BEGIN

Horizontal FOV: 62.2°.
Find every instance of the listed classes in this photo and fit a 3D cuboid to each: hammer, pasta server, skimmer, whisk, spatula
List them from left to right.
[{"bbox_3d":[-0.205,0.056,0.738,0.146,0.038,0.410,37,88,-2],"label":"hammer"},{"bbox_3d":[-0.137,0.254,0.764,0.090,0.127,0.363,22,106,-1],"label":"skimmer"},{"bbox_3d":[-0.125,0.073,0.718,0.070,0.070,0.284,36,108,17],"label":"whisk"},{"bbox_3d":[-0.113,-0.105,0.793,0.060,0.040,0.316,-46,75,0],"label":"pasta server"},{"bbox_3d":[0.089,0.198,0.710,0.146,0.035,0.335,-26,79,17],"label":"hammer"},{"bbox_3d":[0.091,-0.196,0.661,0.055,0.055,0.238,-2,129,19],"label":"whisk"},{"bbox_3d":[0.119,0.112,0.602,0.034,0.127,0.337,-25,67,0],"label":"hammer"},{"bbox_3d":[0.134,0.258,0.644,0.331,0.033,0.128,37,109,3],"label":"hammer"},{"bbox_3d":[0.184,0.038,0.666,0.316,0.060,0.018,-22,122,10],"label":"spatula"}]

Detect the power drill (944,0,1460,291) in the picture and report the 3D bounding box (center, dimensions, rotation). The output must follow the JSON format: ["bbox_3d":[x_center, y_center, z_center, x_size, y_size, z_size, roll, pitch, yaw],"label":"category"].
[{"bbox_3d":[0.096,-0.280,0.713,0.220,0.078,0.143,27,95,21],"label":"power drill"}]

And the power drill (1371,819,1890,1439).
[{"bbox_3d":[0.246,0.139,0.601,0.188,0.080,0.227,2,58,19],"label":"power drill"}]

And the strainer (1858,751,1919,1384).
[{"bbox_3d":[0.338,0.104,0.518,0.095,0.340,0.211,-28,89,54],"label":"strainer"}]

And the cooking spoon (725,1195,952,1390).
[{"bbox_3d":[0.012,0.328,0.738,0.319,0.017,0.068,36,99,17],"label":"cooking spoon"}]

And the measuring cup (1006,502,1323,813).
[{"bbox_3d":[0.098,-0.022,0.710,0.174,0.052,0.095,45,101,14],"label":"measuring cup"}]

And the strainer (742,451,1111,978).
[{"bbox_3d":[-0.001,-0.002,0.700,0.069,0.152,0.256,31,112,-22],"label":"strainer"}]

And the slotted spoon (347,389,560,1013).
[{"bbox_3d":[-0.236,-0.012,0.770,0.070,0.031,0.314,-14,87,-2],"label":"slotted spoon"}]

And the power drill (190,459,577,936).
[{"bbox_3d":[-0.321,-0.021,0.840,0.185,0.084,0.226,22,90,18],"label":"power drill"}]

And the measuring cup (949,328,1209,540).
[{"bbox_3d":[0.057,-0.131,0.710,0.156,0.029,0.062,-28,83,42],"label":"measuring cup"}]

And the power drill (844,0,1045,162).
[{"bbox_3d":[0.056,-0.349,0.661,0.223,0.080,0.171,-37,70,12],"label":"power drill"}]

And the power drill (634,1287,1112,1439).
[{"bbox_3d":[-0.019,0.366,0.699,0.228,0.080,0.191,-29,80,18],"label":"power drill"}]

END

* [EXERCISE BRIEF]: Please transcribe word for word the lines from the line with "And the cooking spoon (725,1195,952,1390)." to the end of the material, both ends included.

* [EXERCISE OUTPUT]:
And the cooking spoon (725,1195,952,1390).
[{"bbox_3d":[0.012,0.328,0.738,0.319,0.017,0.068,36,99,17],"label":"cooking spoon"}]

And the measuring cup (1006,502,1323,813).
[{"bbox_3d":[0.098,-0.022,0.710,0.174,0.052,0.095,45,101,14],"label":"measuring cup"}]

And the strainer (742,451,1111,978).
[{"bbox_3d":[-0.001,-0.002,0.700,0.069,0.152,0.256,31,112,-22],"label":"strainer"}]

And the slotted spoon (347,389,560,1013).
[{"bbox_3d":[-0.236,-0.012,0.770,0.070,0.031,0.314,-14,87,-2],"label":"slotted spoon"}]

And the power drill (190,459,577,936).
[{"bbox_3d":[-0.321,-0.021,0.840,0.185,0.084,0.226,22,90,18],"label":"power drill"}]

And the measuring cup (949,328,1209,540).
[{"bbox_3d":[0.057,-0.131,0.710,0.156,0.029,0.062,-28,83,42],"label":"measuring cup"}]

And the power drill (844,0,1045,162).
[{"bbox_3d":[0.056,-0.349,0.661,0.223,0.080,0.171,-37,70,12],"label":"power drill"}]

And the power drill (634,1287,1112,1439).
[{"bbox_3d":[-0.019,0.366,0.699,0.228,0.080,0.191,-29,80,18],"label":"power drill"}]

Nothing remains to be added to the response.